Thanks for the awesome help guys, i really appreciate it.

I'm moreso leaning to doing my masters (abroad) to try something new.

This forum typically only mentions the top-tier msc fin programs, can you guys recommend and mid tier universities where i have a better chance of getting in?

As i previously mentioned, the majority of schools dont post their requirements and im new to the msf so i dont know which schools are target/nontarget etc

I understand im asking for alot, but I would really appreciate any help :)

Mar 23, 2015 - 12:17am

UK ones are out of the question with that GPA, they tend to be much more formulaic when picking candidates.

US MSFs will boil down to how well you can do on your GMAT to compensate for low GPA. They don't list requirements (unless they are course prerequisites) because they take your application holistically.
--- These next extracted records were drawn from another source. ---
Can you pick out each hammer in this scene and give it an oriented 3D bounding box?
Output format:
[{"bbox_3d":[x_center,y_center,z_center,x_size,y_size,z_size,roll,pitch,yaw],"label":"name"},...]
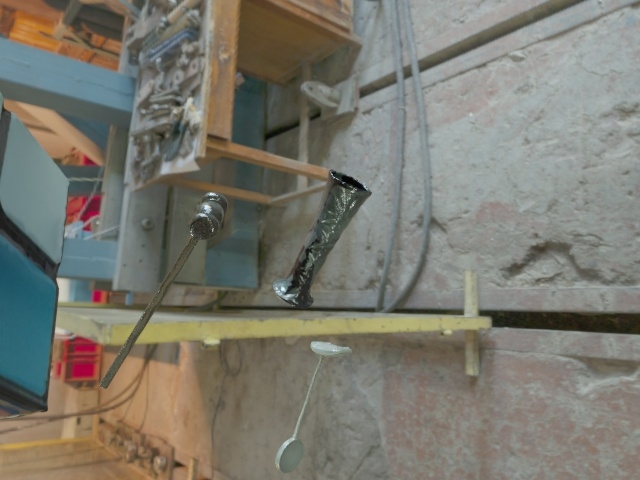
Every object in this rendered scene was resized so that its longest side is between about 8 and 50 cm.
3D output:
[{"bbox_3d":[-0.181,0.069,0.582,0.292,0.029,0.058,-52,14,26],"label":"hammer"}]

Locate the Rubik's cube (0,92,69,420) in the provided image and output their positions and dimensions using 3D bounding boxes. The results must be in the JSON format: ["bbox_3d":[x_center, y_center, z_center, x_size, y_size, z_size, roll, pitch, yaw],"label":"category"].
[{"bbox_3d":[-0.254,0.000,0.267,0.180,0.183,0.167,87,175,-59],"label":"Rubik's cube"}]

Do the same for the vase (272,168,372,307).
[{"bbox_3d":[0.000,0.000,0.651,0.059,0.059,0.167,47,116,46],"label":"vase"}]

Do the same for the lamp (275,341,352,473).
[{"bbox_3d":[-0.011,0.238,0.754,0.056,0.050,0.198,16,89,41],"label":"lamp"}]

In my opinion, if you are going to do a "mid tier" MSF as a non-American, it's not worth it. It's going to be that much harder to get a job with Visa sponsorship and a middle of the pack MSF won't be worth the cost. If you do well on your GRE/GMAT look into WUSTL, Vanderbilt, Villanova, UTA (off the top of my head). MSFs tend to place regionally as well..

Mar 23, 2015 - 1:35am

Ideally i would just do the msf overseas and then come back to Canada with the degree. I just want to do an msf because i feel like it'll really enhance my finance skill and will benefit me in the long run.

I really appreciate your help, thank you.